WHAT IS NEEDED -> Determine the number of lines in these entries that hold the word "when". Give the number and nothing more.

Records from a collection

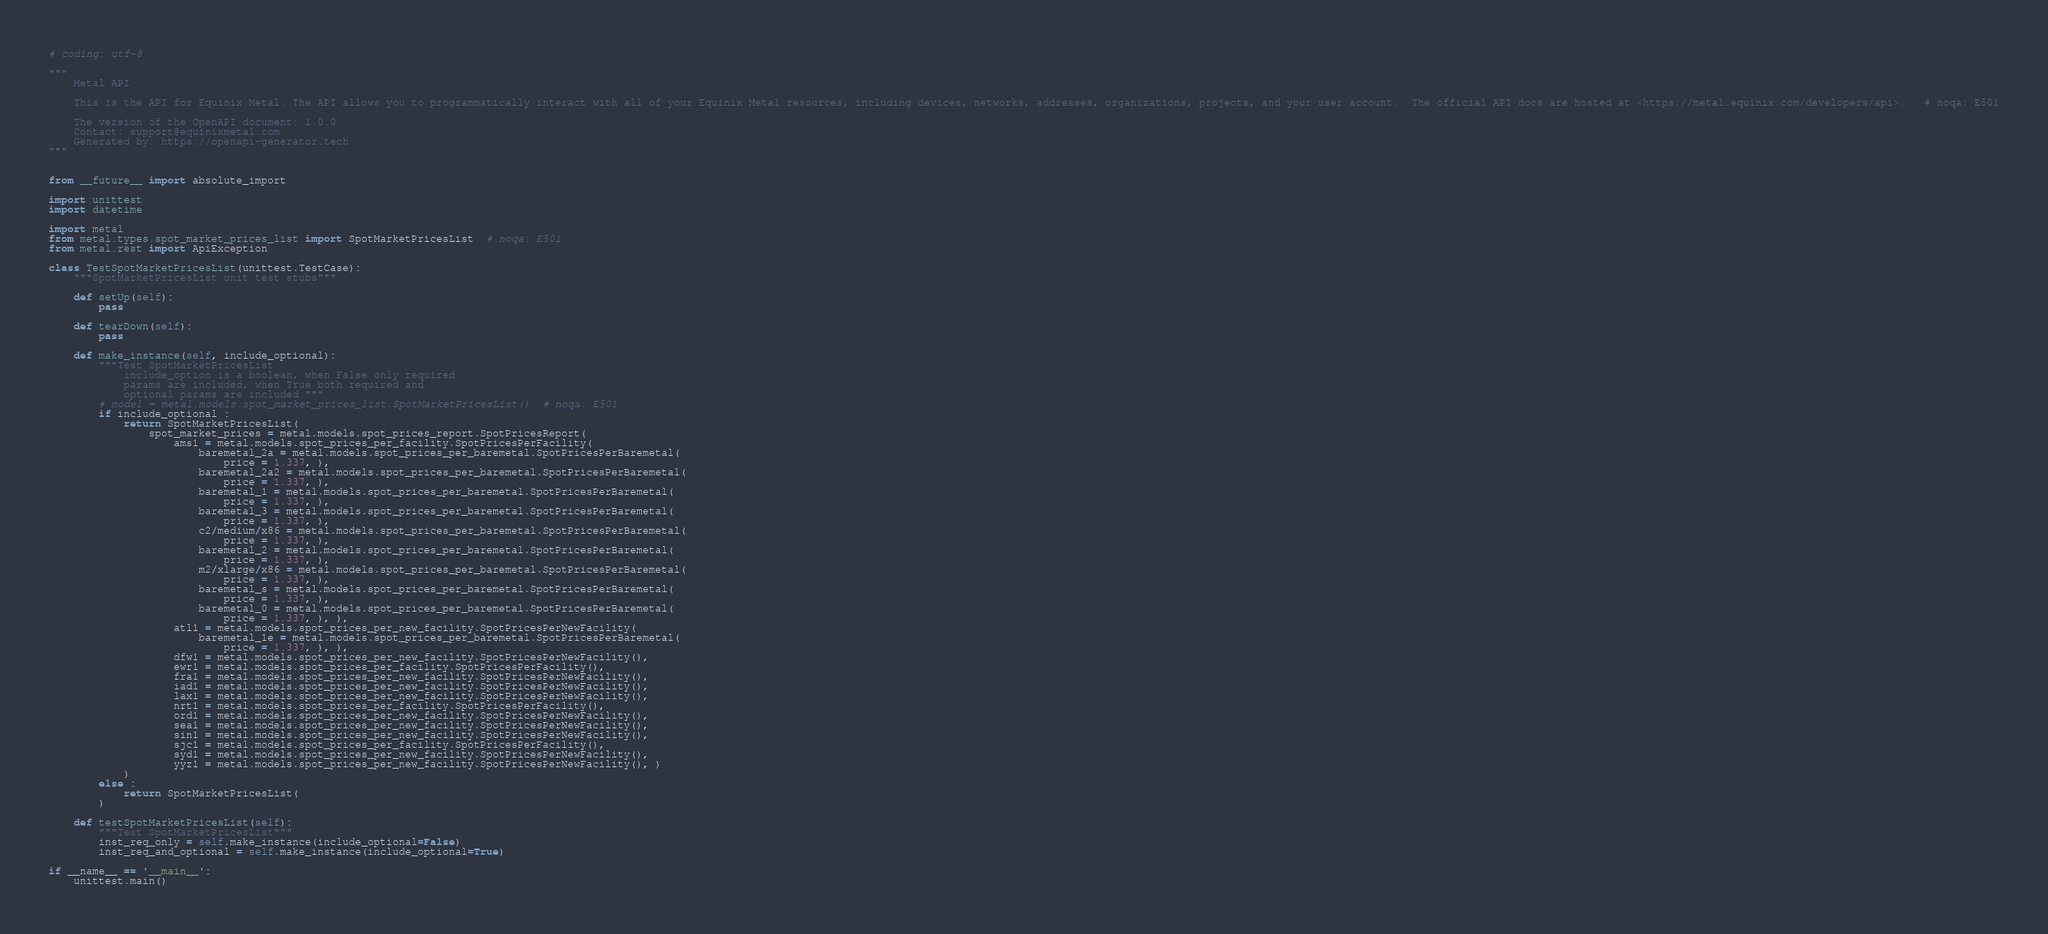<code> <loc_0><loc_0><loc_500><loc_500><_Python_># coding: utf-8

"""
    Metal API

    This is the API for Equinix Metal. The API allows you to programmatically interact with all of your Equinix Metal resources, including devices, networks, addresses, organizations, projects, and your user account.  The official API docs are hosted at <https://metal.equinix.com/developers/api>.   # noqa: E501

    The version of the OpenAPI document: 1.0.0
    Contact: support@equinixmetal.com
    Generated by: https://openapi-generator.tech
"""


from __future__ import absolute_import

import unittest
import datetime

import metal
from metal.types.spot_market_prices_list import SpotMarketPricesList  # noqa: E501
from metal.rest import ApiException

class TestSpotMarketPricesList(unittest.TestCase):
    """SpotMarketPricesList unit test stubs"""

    def setUp(self):
        pass

    def tearDown(self):
        pass

    def make_instance(self, include_optional):
        """Test SpotMarketPricesList
            include_option is a boolean, when False only required
            params are included, when True both required and
            optional params are included """
        # model = metal.models.spot_market_prices_list.SpotMarketPricesList()  # noqa: E501
        if include_optional :
            return SpotMarketPricesList(
                spot_market_prices = metal.models.spot_prices_report.SpotPricesReport(
                    ams1 = metal.models.spot_prices_per_facility.SpotPricesPerFacility(
                        baremetal_2a = metal.models.spot_prices_per_baremetal.SpotPricesPerBaremetal(
                            price = 1.337, ), 
                        baremetal_2a2 = metal.models.spot_prices_per_baremetal.SpotPricesPerBaremetal(
                            price = 1.337, ), 
                        baremetal_1 = metal.models.spot_prices_per_baremetal.SpotPricesPerBaremetal(
                            price = 1.337, ), 
                        baremetal_3 = metal.models.spot_prices_per_baremetal.SpotPricesPerBaremetal(
                            price = 1.337, ), 
                        c2/medium/x86 = metal.models.spot_prices_per_baremetal.SpotPricesPerBaremetal(
                            price = 1.337, ), 
                        baremetal_2 = metal.models.spot_prices_per_baremetal.SpotPricesPerBaremetal(
                            price = 1.337, ), 
                        m2/xlarge/x86 = metal.models.spot_prices_per_baremetal.SpotPricesPerBaremetal(
                            price = 1.337, ), 
                        baremetal_s = metal.models.spot_prices_per_baremetal.SpotPricesPerBaremetal(
                            price = 1.337, ), 
                        baremetal_0 = metal.models.spot_prices_per_baremetal.SpotPricesPerBaremetal(
                            price = 1.337, ), ), 
                    atl1 = metal.models.spot_prices_per_new_facility.SpotPricesPerNewFacility(
                        baremetal_1e = metal.models.spot_prices_per_baremetal.SpotPricesPerBaremetal(
                            price = 1.337, ), ), 
                    dfw1 = metal.models.spot_prices_per_new_facility.SpotPricesPerNewFacility(), 
                    ewr1 = metal.models.spot_prices_per_facility.SpotPricesPerFacility(), 
                    fra1 = metal.models.spot_prices_per_new_facility.SpotPricesPerNewFacility(), 
                    iad1 = metal.models.spot_prices_per_new_facility.SpotPricesPerNewFacility(), 
                    lax1 = metal.models.spot_prices_per_new_facility.SpotPricesPerNewFacility(), 
                    nrt1 = metal.models.spot_prices_per_facility.SpotPricesPerFacility(), 
                    ord1 = metal.models.spot_prices_per_new_facility.SpotPricesPerNewFacility(), 
                    sea1 = metal.models.spot_prices_per_new_facility.SpotPricesPerNewFacility(), 
                    sin1 = metal.models.spot_prices_per_new_facility.SpotPricesPerNewFacility(), 
                    sjc1 = metal.models.spot_prices_per_facility.SpotPricesPerFacility(), 
                    syd1 = metal.models.spot_prices_per_new_facility.SpotPricesPerNewFacility(), 
                    yyz1 = metal.models.spot_prices_per_new_facility.SpotPricesPerNewFacility(), )
            )
        else :
            return SpotMarketPricesList(
        )

    def testSpotMarketPricesList(self):
        """Test SpotMarketPricesList"""
        inst_req_only = self.make_instance(include_optional=False)
        inst_req_and_optional = self.make_instance(include_optional=True)

if __name__ == '__main__':
    unittest.main()
</code>

OUTPUT OF THE EXERCISE -> 2